Exercise requirements: Write out the data word for word, taking care that no picture is carried over.

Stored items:
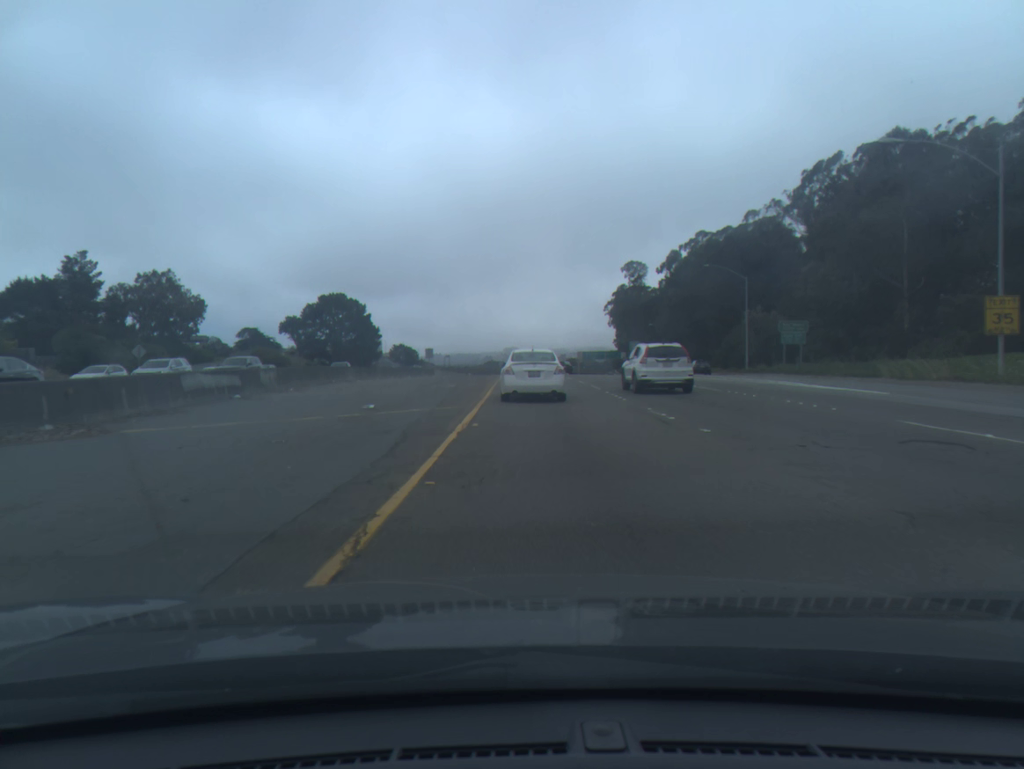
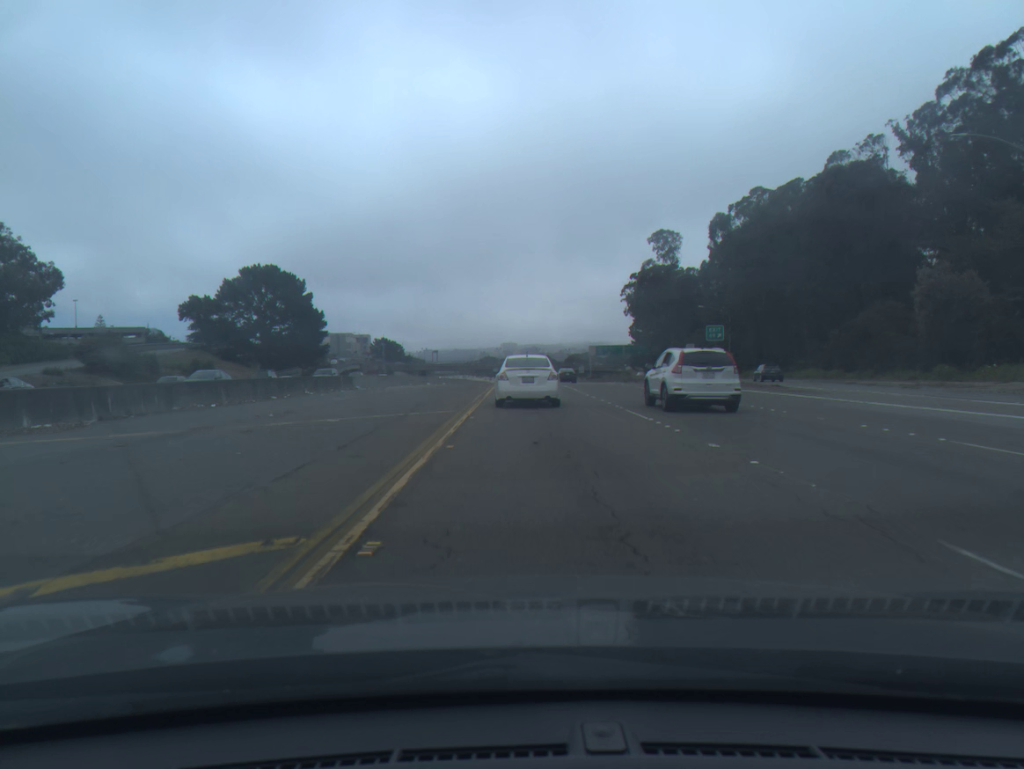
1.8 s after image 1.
(0.0, +44.7) m; 0°
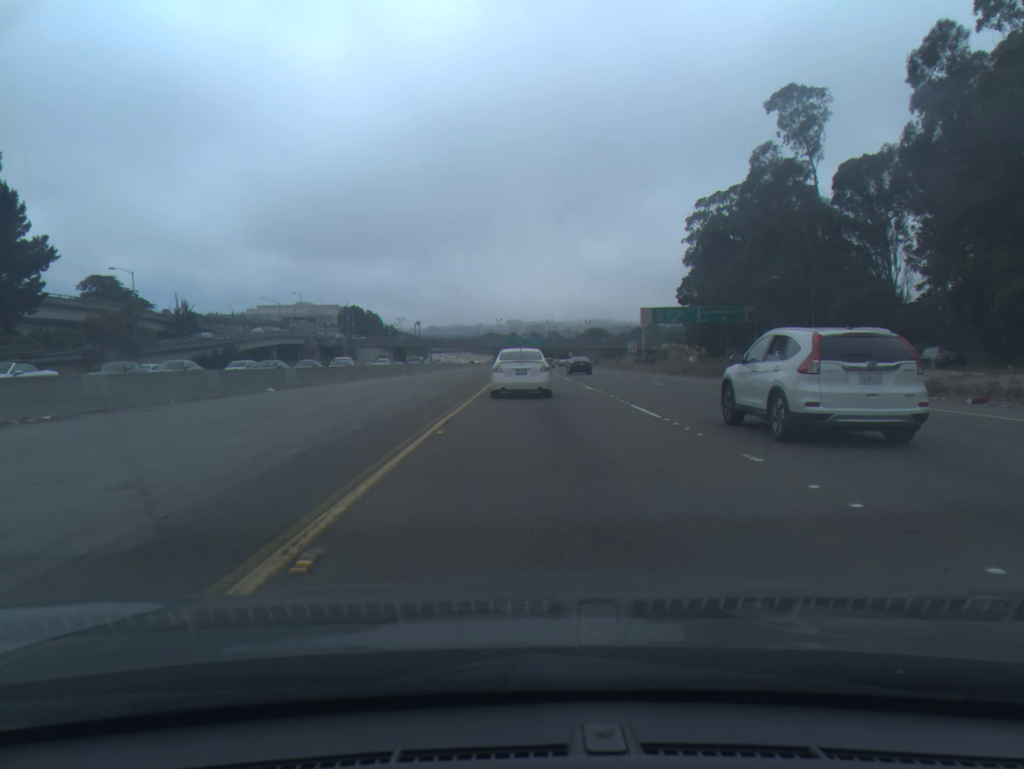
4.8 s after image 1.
(-0.2, +75.7) m; 0°
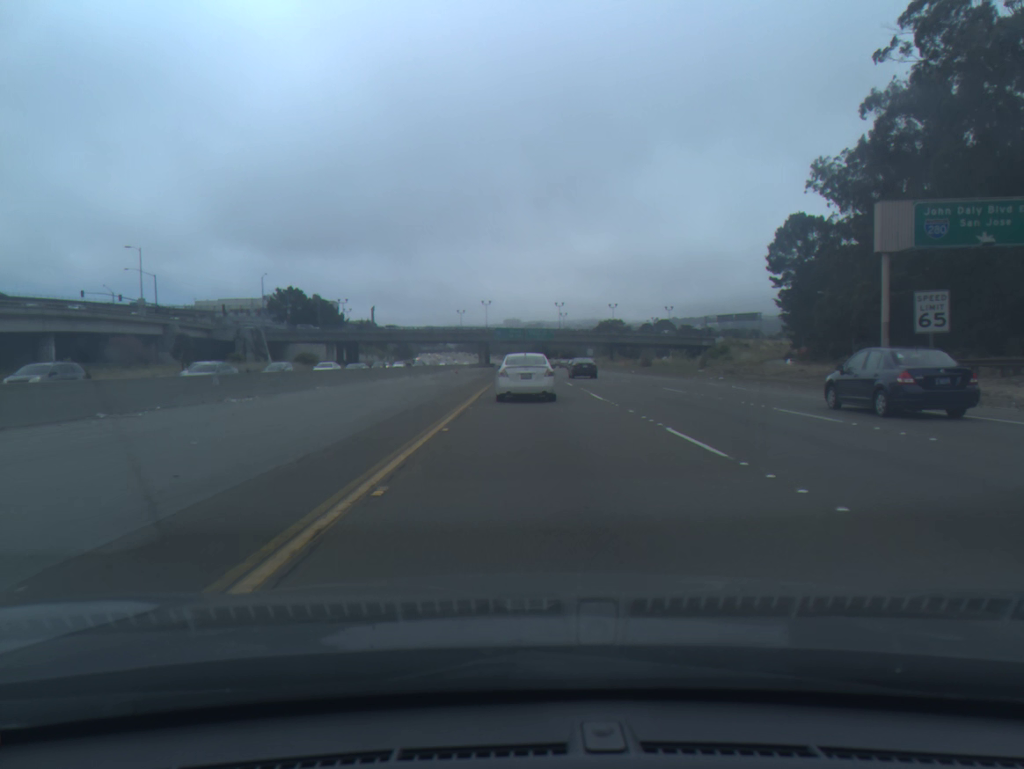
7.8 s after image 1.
(+0.2, +79.0) m; 0°
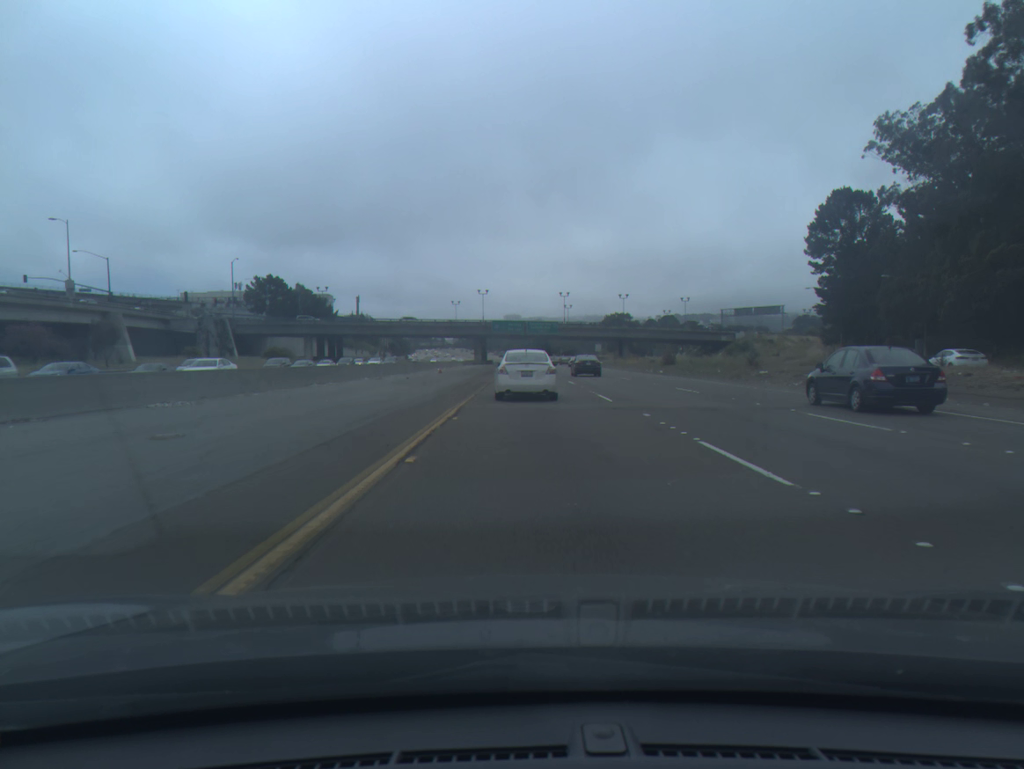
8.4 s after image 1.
(0.0, +16.9) m; 0°
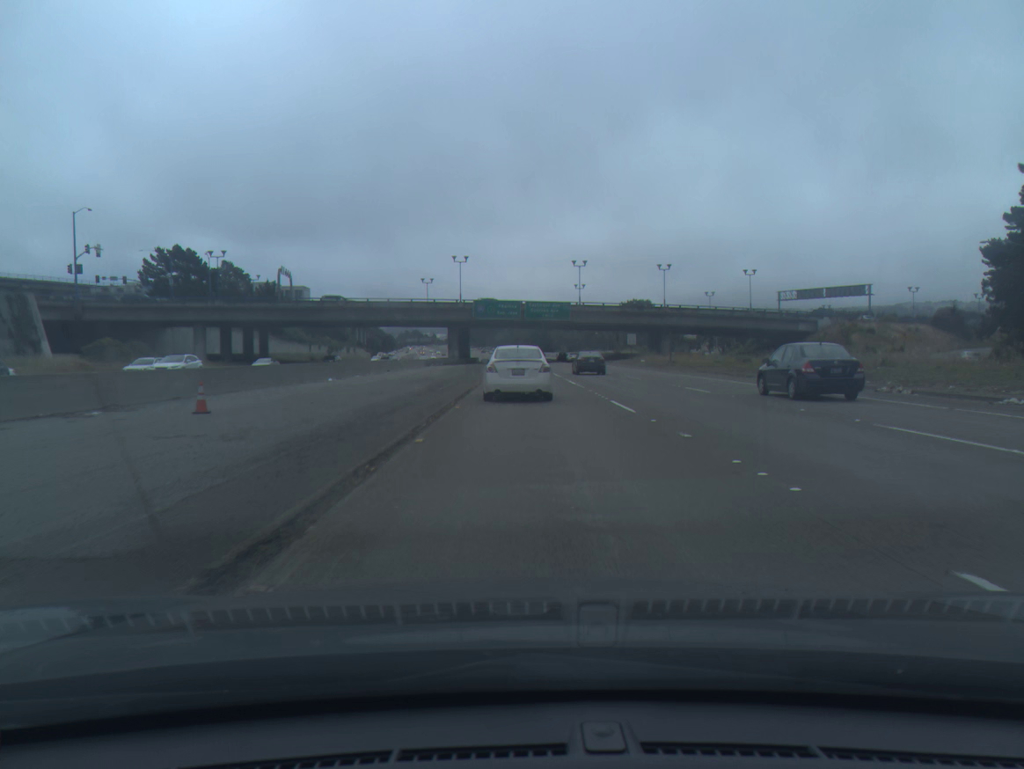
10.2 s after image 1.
(0.0, +50.7) m; 0°
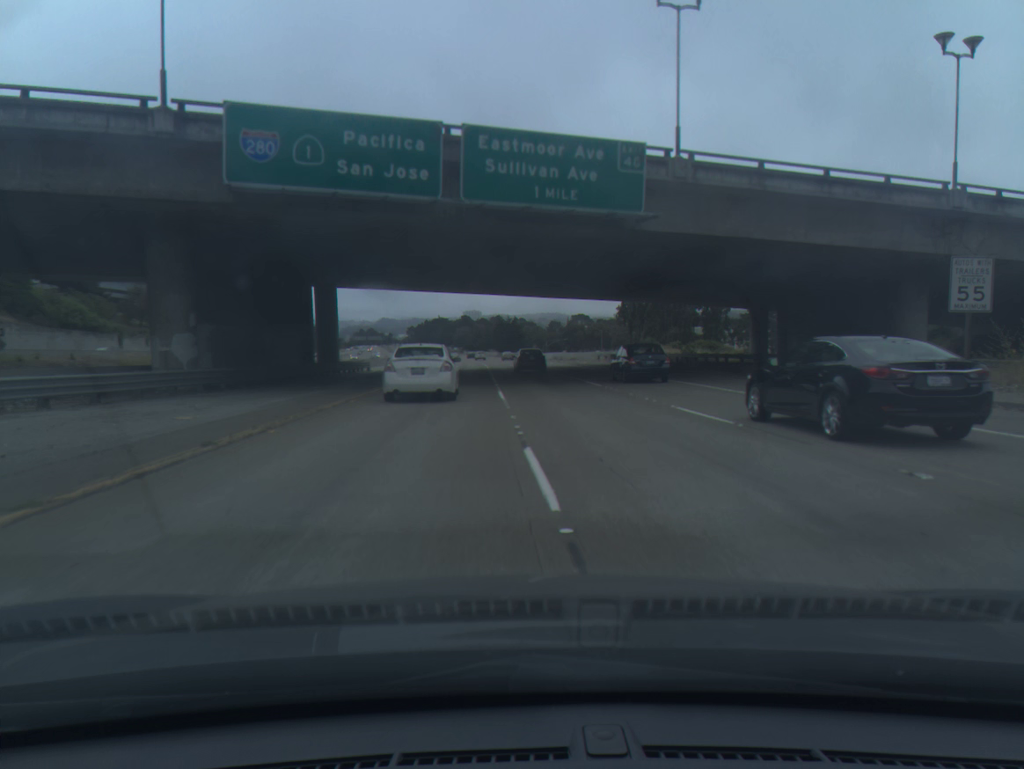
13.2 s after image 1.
(+1.4, +84.2) m; +2°

Written answer:
1.8 s after image 1.
(0.0, +44.7) m; 0°
4.8 s after image 1.
(-0.2, +75.7) m; 0°
7.8 s after image 1.
(+0.2, +79.0) m; 0°
8.4 s after image 1.
(0.0, +16.9) m; 0°
10.2 s after image 1.
(0.0, +50.7) m; 0°
13.2 s after image 1.
(+1.4, +84.2) m; +2°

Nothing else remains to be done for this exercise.